Clause Detection (Section Extract Method)

This article is about the current version of Grooper.

Note that some content may still need to be updated.

2025

Clause Detection is a insert_page_break Data Section Extract Method. It leverages LLM text embedding models to compare supplied samples of text against the text of a document to return what the AI determines is the "chunk" of text that most closely resembles the supplied samples.

You may download the ZIP(s) below and upload it into your own Grooper environment (version 2024). The first contains one or more Batches of sample documents. The second contains one or more Projects with resources used in examples throughout this article.

About

How To

In the following walkthrough we are going to setup Clause Detection on the Data Section of a provided project. The Data Section being a "container" of several descendant Data Fields will leverage the AI Extract Fill Method to collect the data for those fields.

The document we will be extracting against from the provided Batch consists of several pages with quite a few words in total. Given that fact, it would be costly to run AI Extract against the entire text of the document. To solve this problem we will use the Data Section for one of its key functions which is to define a subset of data within the document. In so doing we will drastically reduce the amount of text given to the LLM AI and as such greately reduce the tokens consumed and the time taken to run extraction.

Because we do not know the exact wording of the clause we will define as the structure of our Data Section it can prove quite challenging to attempt to define the structure of the Data Section via pattern matching. This is where Clause Detection will come into play. We can provide a sample of what the language of the clause we are looking for may be like. This sample will be leveraged within a text embeddings model (which we learned above is faster and cheaper than standard chatbot queries) to find a clause within the text of the document that is of high similarity to the sample.

In so doing we will not only be leveraging AI to easily extract the data we are after, but we will also be using AI to make using AI more efficient.

Select the "Granting Clause" Data Section from the provided Project.
Click the drop-down for the Extract Method property.
Select Clause Detection from the drop-down menu.

Expand the sub-properties and click the ellipsis button for the Model property.
In the "Model" window select text-embedding-3-large. Feel free to experiment with the other models.

Click the ellipsis button on the Queries property.
In the "Queries" window click the "Add" button.
This will add an entry to the "Sample Content".
Click the ellipsis button on the Sample Content property.

In the "Sample Content" window add the provided sample clause.

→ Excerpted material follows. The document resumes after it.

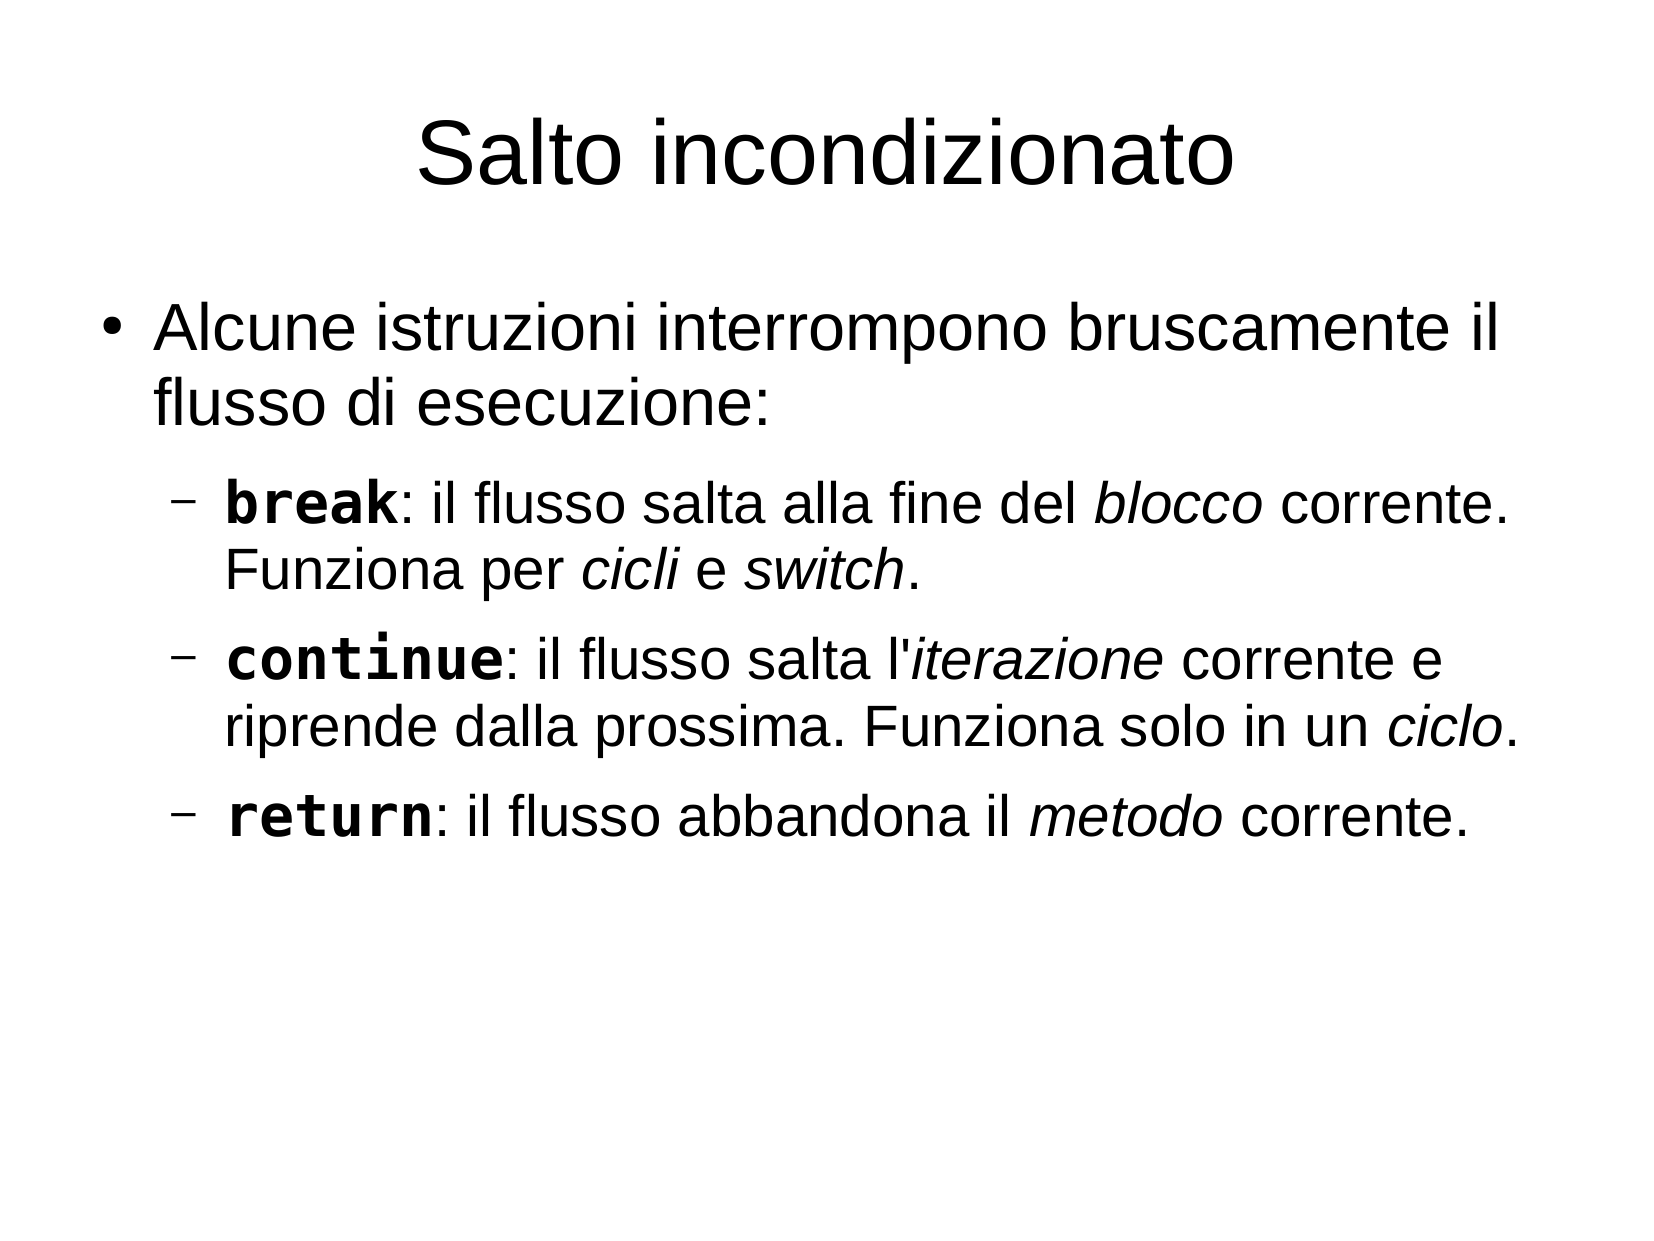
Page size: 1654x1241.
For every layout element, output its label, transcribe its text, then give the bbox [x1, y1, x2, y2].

AGREEMENT, Made and entered into this [Effective Date] , by and between[Lessor Name] whose address is [Lessor Address] hereinafter called Lessor and [Lessee Name] whose address is [Lessee Address] hereinafter called Lessee.Lessor hereby grants, leases, and lets unto Lessee, for the purpose of investigating, exploring, drilling, developing, and producing oil, gas, and other hydrocarbons, and storing, handling, and transporting the same, all the oil and gas rights and interests in and under the land described as follows: [Legal Description of Property], containing approximately [Number of Acres] acres, more or less (hereinafter referred to as the "Leased Premises").

Click the "Tester" tab.
Be sure to select the document from the supplied Batch in the Batch Viewer.
Click the "Test" button.
View the extracted results in the Data Model Preview and see the highlighting in the Document Viewer".